Crisi e “giustizia”

Non guardo mai la televisione di pomeriggio, ma ieri ho visto per caso dieci minuti di una trasmissione, un momento in cui si discuteva dei tanti morti sulle strade. In studio erano presenti alcune madri di ragazzi morti in incidenti stradali. I discorsi sono sempre quelli, per me già troppo noti, ma evidentemente non comprensibili per la maggior parte delle persone, visto che si ripetono uguali da anni.
Come scrissi anche nel mio libro, io credo che un paese civile si possa valutare da come tratta e protegge le sue parti deboli. Per ‘parti deboli’ intendo chi non si sa, o non si può, difendere da solo. Intendo chi, nel confronto con un altro, persona, ente che sia, ha meno capacità contrattuale. Chi è più piccolo, più giovane, malato, vecchio, povero, debole, malnutrito, chi fa parte di una minoranza. Insomma, penso di essermi spiegata bene.

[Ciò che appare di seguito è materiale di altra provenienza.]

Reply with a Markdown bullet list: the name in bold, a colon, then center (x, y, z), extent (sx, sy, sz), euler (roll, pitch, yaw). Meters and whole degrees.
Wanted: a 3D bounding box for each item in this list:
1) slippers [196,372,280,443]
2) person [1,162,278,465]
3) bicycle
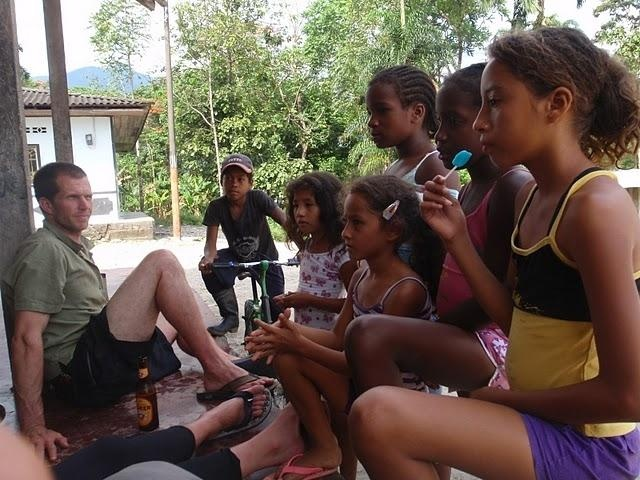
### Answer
- **slippers**: center (-0.386, 0.833, 2.445), extent (0.298, 0.071, 0.221), euler (-18, 18, -8)
- **person**: center (-1.207, 0.216, 2.882), extent (1.554, 1.226, 1.155), euler (-8, 8, -23)
- **bicycle**: center (-0.514, 0.457, 3.923), extent (0.553, 0.525, 0.836), euler (-2, -11, -10)
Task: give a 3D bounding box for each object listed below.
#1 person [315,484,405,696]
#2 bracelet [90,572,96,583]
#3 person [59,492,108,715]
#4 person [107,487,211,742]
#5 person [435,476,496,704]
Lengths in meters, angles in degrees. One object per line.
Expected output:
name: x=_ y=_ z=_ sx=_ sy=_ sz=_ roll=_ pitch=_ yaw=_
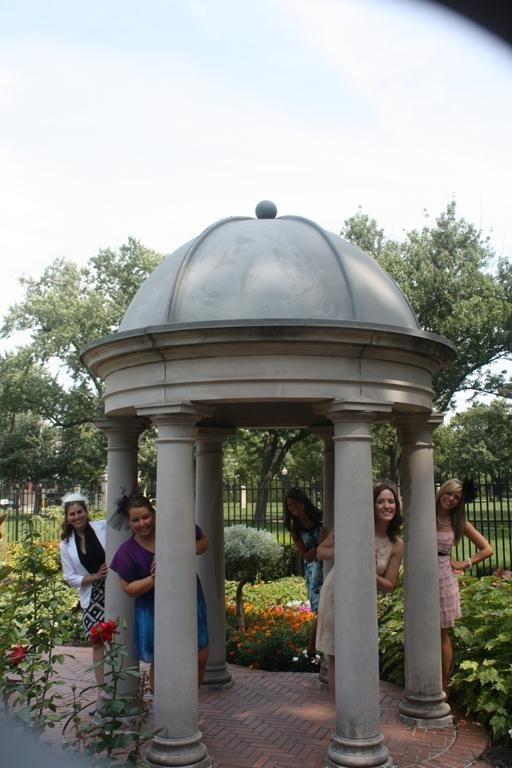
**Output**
person: x=0.823 y=1.731 z=5.271 sx=0.764 sy=1.827 sz=1.258 roll=-4 pitch=-7 yaw=12
bracelet: x=-1.421 y=1.701 z=5.754 sx=0.021 sy=0.063 sz=0.065 roll=6 pitch=0 yaw=-13
person: x=-1.506 y=1.879 z=5.756 sx=0.380 sy=1.817 sz=0.636 roll=0 pitch=-7 yaw=-16
person: x=-0.729 y=1.627 z=5.073 sx=0.706 sy=1.563 sz=0.951 roll=1 pitch=-8 yaw=-25
person: x=1.852 y=1.781 z=5.880 sx=0.434 sy=1.852 sz=0.712 roll=-6 pitch=-8 yaw=24

Tra le ‘parti deboli’ metto anche chi ha subito un incidente stradale ed è morto. Essendo morto non si può difendere, non può alzare la voce e dire le sue ragioni. Mi aspetterei, quindi, che le sue ragioni venissero difese da qualcuno. Ma così non è. Quando si muore non si conta nulla. Stessa cosa per la famiglia che rimane: non conta nulla.

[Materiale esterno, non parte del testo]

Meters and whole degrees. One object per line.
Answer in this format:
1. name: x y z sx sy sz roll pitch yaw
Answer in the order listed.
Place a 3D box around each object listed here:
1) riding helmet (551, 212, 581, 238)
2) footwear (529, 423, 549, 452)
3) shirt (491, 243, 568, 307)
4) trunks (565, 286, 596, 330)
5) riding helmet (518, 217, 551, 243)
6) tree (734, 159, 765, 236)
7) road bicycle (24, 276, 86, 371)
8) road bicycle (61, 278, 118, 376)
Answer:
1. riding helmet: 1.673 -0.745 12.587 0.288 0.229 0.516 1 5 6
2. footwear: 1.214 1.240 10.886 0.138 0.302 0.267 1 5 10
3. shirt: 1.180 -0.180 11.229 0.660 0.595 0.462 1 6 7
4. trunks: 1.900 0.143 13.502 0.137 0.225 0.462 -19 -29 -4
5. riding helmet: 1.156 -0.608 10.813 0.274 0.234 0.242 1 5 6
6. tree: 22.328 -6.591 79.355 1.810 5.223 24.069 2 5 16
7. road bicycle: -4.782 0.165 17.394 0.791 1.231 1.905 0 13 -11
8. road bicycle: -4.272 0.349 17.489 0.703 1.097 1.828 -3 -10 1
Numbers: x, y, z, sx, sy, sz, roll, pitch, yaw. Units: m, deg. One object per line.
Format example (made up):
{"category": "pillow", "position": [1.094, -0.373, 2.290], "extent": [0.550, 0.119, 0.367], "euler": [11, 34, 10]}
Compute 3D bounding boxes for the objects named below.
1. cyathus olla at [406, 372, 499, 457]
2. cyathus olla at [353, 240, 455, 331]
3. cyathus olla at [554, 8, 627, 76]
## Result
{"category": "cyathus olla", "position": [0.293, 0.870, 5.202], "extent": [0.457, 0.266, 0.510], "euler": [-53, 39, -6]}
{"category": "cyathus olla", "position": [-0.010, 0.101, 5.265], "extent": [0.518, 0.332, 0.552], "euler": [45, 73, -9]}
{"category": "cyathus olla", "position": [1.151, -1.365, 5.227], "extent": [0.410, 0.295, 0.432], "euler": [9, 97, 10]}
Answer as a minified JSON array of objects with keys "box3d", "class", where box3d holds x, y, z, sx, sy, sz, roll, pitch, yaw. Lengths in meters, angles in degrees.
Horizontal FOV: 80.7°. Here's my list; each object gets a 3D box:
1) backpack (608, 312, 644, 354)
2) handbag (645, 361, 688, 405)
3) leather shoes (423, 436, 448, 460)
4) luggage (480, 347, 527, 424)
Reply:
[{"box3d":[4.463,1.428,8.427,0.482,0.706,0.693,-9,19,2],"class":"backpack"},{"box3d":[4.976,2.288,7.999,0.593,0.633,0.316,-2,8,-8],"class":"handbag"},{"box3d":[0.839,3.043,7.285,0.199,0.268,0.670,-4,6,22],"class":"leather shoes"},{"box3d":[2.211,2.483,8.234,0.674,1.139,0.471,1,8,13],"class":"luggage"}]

Ma, purtroppo, tutto ciò viene sottovalutato da chi ascolta. Eppure, ognuno di noi dovrebbe preoccuparsi dei diritti dei più deboli, perché uno stato in cui i più deboli sono difesi difenderà anche noi.
Troppo spesso i giudici chiamati a giudicare in queste cause, archiviano velocemente la pratica con questa frase: “Il fatto è accaduto e non si poteva evitare”. Come il giudice faccia a sapere che non si poteva evitare, resta ignoto, anche se ormai credo di avere capito come funziona la faccenda.

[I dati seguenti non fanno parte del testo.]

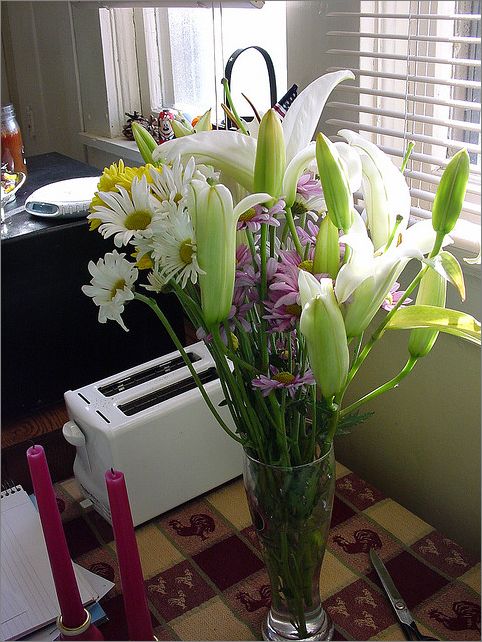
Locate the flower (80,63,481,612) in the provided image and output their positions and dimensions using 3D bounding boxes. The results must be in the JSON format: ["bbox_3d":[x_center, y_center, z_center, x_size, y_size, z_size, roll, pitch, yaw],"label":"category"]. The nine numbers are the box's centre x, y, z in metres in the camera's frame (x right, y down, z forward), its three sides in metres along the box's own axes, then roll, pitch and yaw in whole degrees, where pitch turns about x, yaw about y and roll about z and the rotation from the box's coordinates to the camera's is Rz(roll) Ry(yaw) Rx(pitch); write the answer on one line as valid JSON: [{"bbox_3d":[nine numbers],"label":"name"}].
[{"bbox_3d":[0.014,-0.029,0.422,0.267,0.304,0.289,1,39,14],"label":"flower"}]
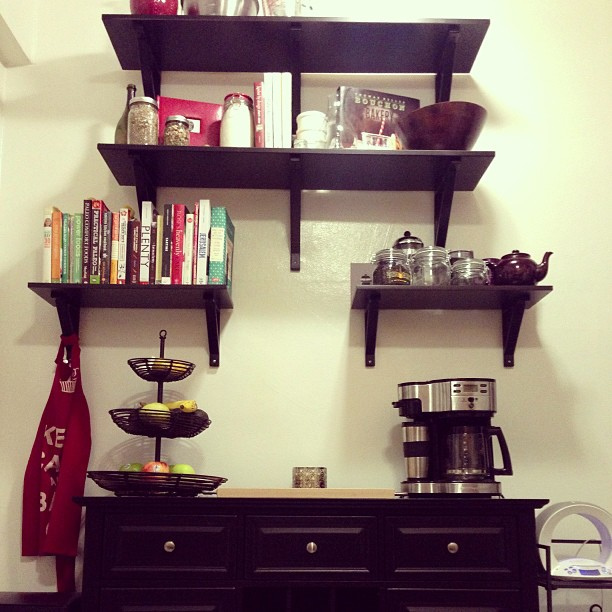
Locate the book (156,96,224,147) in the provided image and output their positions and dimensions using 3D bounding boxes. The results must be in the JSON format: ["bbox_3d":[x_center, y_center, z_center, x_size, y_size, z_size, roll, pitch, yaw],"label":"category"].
[{"bbox_3d":[-0.410,-0.638,2.606,0.256,0.219,0.059,6,-4,-16],"label":"book"}]

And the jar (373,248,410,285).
[{"bbox_3d":[0.283,-0.126,2.543,0.132,0.121,0.119,0,-15,2],"label":"jar"}]

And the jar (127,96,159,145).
[{"bbox_3d":[-0.563,-0.619,2.576,0.116,0.173,0.116,2,4,0],"label":"jar"}]

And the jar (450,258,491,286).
[{"bbox_3d":[0.547,-0.105,2.481,0.105,0.084,0.106,-1,-2,0],"label":"jar"}]

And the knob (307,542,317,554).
[{"bbox_3d":[0.017,0.688,2.125,0.028,0.031,0.009,4,-7,0],"label":"knob"}]

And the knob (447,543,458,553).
[{"bbox_3d":[0.421,0.692,2.135,0.030,0.027,0.009,7,-8,-18],"label":"knob"}]

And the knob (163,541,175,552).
[{"bbox_3d":[-0.388,0.682,2.115,0.028,0.026,0.011,-14,3,-9],"label":"knob"}]

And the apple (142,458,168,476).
[{"bbox_3d":[-0.462,0.494,2.291,0.067,0.060,0.069,2,-1,43],"label":"apple"}]

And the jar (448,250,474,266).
[{"bbox_3d":[0.531,-0.174,2.558,0.063,0.062,0.069,2,-9,0],"label":"jar"}]

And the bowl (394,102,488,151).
[{"bbox_3d":[0.453,-0.618,2.564,0.239,0.087,0.228,0,-4,0],"label":"bowl"}]

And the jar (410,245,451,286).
[{"bbox_3d":[0.411,-0.130,2.544,0.151,0.133,0.149,-1,7,0],"label":"jar"}]

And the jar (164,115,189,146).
[{"bbox_3d":[-0.440,-0.601,2.551,0.085,0.124,0.057,6,-7,-12],"label":"jar"}]

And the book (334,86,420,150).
[{"bbox_3d":[0.245,-0.658,2.640,0.313,0.190,0.050,2,-12,-10],"label":"book"}]

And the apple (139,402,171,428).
[{"bbox_3d":[-0.468,0.327,2.279,0.072,0.055,0.077,0,-11,0],"label":"apple"}]

Chiunque di noi può intuirlo, se ascolta qualche testimonianza.

La sera ho visto una parte di Anno Zero e, oltre ai lavoratori preoccupati per il loro posto di lavoro (parti deboli, ricordate?) c’era l’intervento di un piccolo imprenditore (piccolo, quindi da proteggere, no?) che ha investito tutto ciò che possedeva nell’azienda per comprare nuove macchine, pensando di andare avanti e lasciare poi l’azienda al figlio, ma che ora si vede costretto a ipotecare tutto ciò che ha per potere proseguire l’attività e non buttare i trent’anni di lavoro, suo e della moglie, presente anche lei e che parlava piangendo. L’azienda conta dieci (forse sbaglio il numero ma la faccenda non cambia) dipendenti e l’imprenditore era anche preoccupato per i suoi collaboratori e per le loro famiglie. E poi ha anche detto una cosa molto interessante: se io perdessi questi collaboratori che sono con me da quindici anni e sanno lavorare, mi troverei ancora peggio. La forza lavoro è il capitale per un’azienda.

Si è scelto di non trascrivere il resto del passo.